Former NASA Chief Architect Brad Hines on Solar Power’s Comeback

Once considered the dark horse in solar’s current race to the rooftop, solar concentrators are making a major comeback.

Solar investment veterans RockPort Capital Partners and Nth Power recently led a US$8 million Series A round for Practical Instruments. The company plans to use the funds to launch a product that it hopes will give it the market lead over competitors Greenvolt and Solofocus. Investors believe the company has the technology and the leadership to make it happen.

After more than 14 years designing and implementing NASA-grade opto-mechanical systems, Practical Instruments CEO and CTO Brad Hines, along with an experienced team, decided to focus on a solar solution designed with the key market demands in mind.

Hines believes that the company’s flagship product, Heliotube, will reduce installation and materials costs while supporting the corporate mantra: reduce the cost, not the power.

TechNewsWorld caught up with Hines to discuss how the company plans to use the funds, why solar concentrators are making a comeback, and what role solar power will play in the future.

TechNewsWorld: You recently raised $8 million in venture capital. What will you do with the money?

Brad Hines:

Our recent Series A funding enables us to launch Heliotube, our low-cost concentrating solar panel, and grow our sales channels. Since we pursue a standards-based approach, our solar concentrator systems can sell through the large, established VAR channel of solar installers, integrators and project developers.

By giving the existing VAR channel a differentiated product, instead of trying to compete with them we think they will be excited to take Heliotube to market. Working with existing channels eliminates the need for us to spend a lot of money building our own direct sales and installation capabilities, so this investment will go a long way.

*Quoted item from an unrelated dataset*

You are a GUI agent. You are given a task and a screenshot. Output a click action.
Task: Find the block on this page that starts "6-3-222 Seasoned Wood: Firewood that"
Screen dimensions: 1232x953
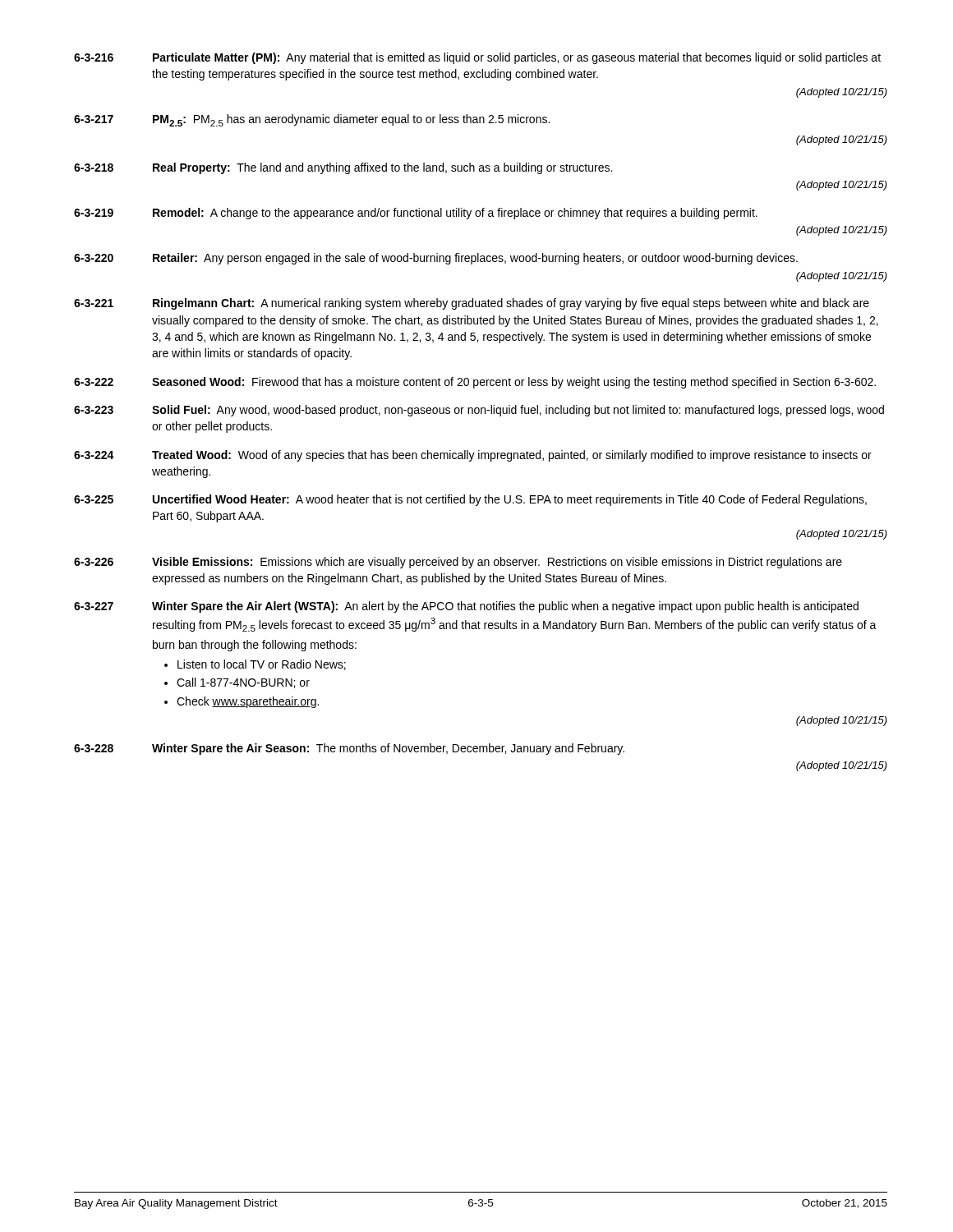(x=481, y=386)

TNW: Why are solar concentrators making a comeback? What’s driving the demand?

Hines:

Solar concentrators are not a new idea. There are large concentrator arrays that have been deployed in the Arizona desert for years. What’s new is the idea of bringing concentrator technologies — and their industrial strength power output — from the desert to the rooftop.

The biggest problems with solar power today are that it is too expensive and it doesn’t generate enough power in a given amount of space. Leveraging recent dramatic advances in high-efficiency solar cell technology, today, concentrating photovoltaic (CPV) technology is solving both of those problems by reducing the amount of expensive PV material used, while dramatically increasing the power output from a given footprint.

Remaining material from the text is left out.